Georgia’s reply is to type something else on her computer.
“Well, of course it was a joke,” the Kid says, sounding offended. “But it’s not funny when you explain it’s a joke. Thanks, Captain Ruins All My Fun of the Suck The Fun Out Of The Room Patrol.” (This causes me to laugh quite loudly, only because it sounds exactly like something I would say. It’s these little moments when I’m reminded he belongs to me that make everything we’ve been through worth it. Even if I’m thinking of putting him in the bad closet, wherever that is.)
“How do you know Dominic?” I ask Anna and Mrs. Paquinn, once I’ve stopped yipping like a hyena.
“We just met!” Mrs. Paquinn says, looking fondly down at Dominic.

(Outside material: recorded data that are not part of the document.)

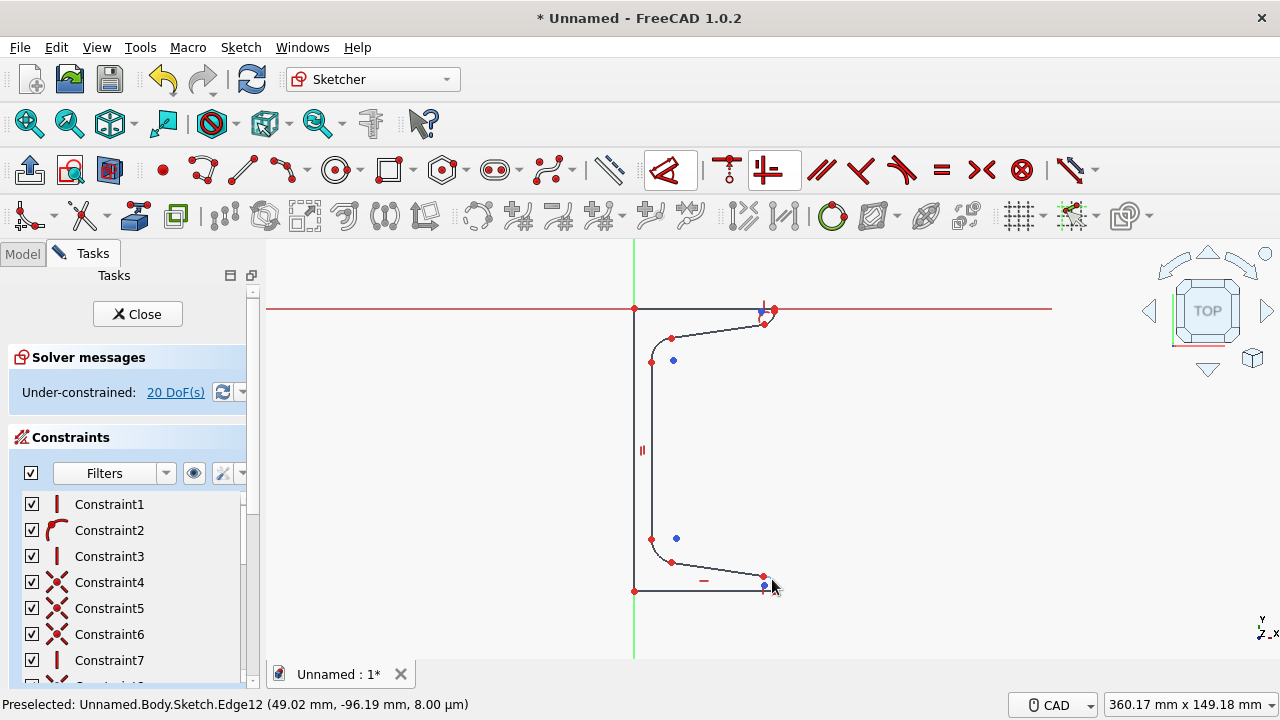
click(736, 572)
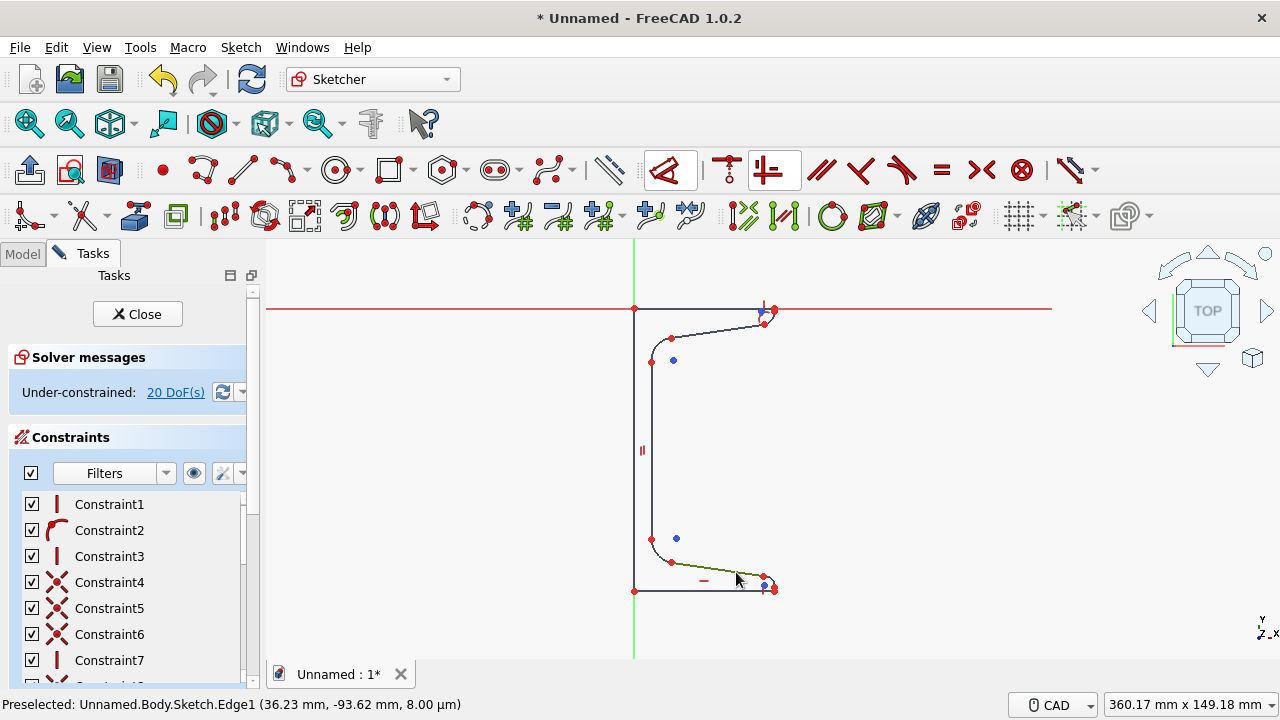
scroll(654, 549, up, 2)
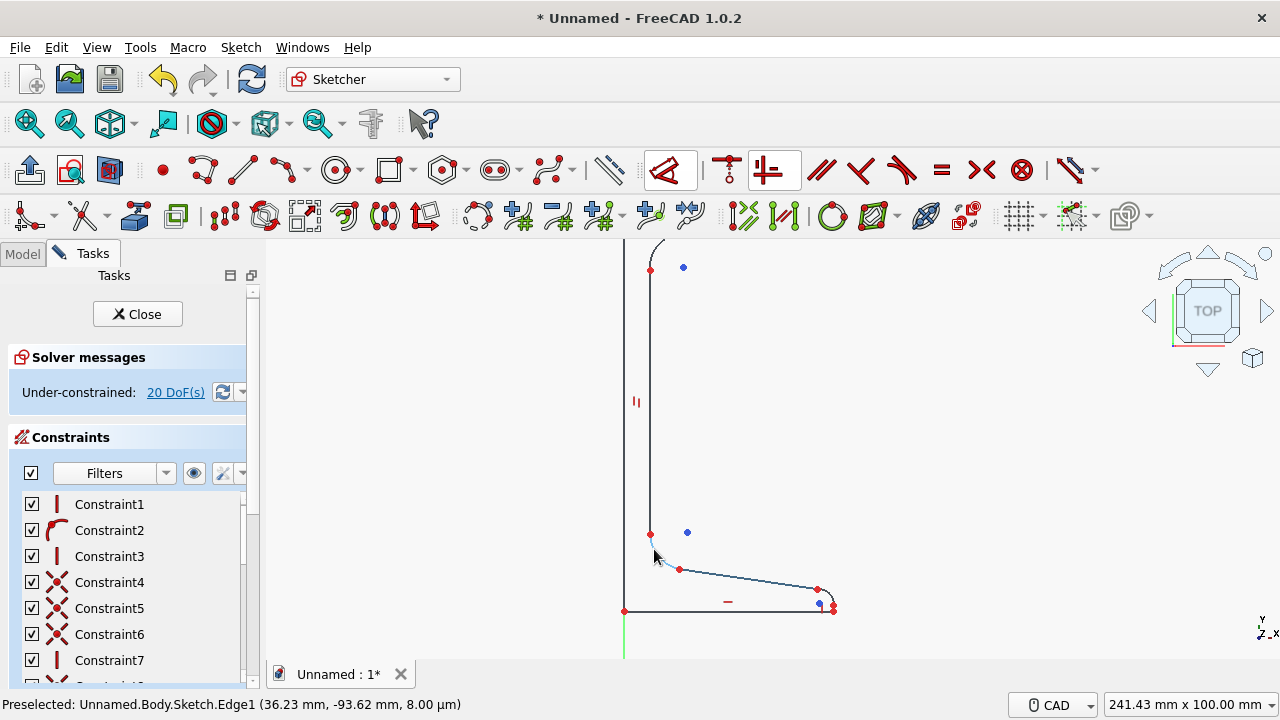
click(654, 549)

“He was walking up to the door when we arrived. I was so happy to see he wasn’t a figment of Ty’s imagination! I was worried because I had an imaginary friend once too. My parents eventually had to have an exorcism performed on me.” She shakes her head sadly. “Happy Clown Charlie never came back after that, but at least my bed stopped shaking and no one else died.”
No one else?
Dominic snorts before looking back at me. “Ty texted me too,” he says in that quiet, gruff way of his. “I know a thing or two about—”
“Dominic?” Georgia says from behind me. “I thought that was you. I was going to stop by after I finished up here, since I was in the neighborhood.”
“Hey, Georgia,” Dominic mutters, looking down at his feet.
Uh, what? “You’ve got a social worker too?” I blurt out.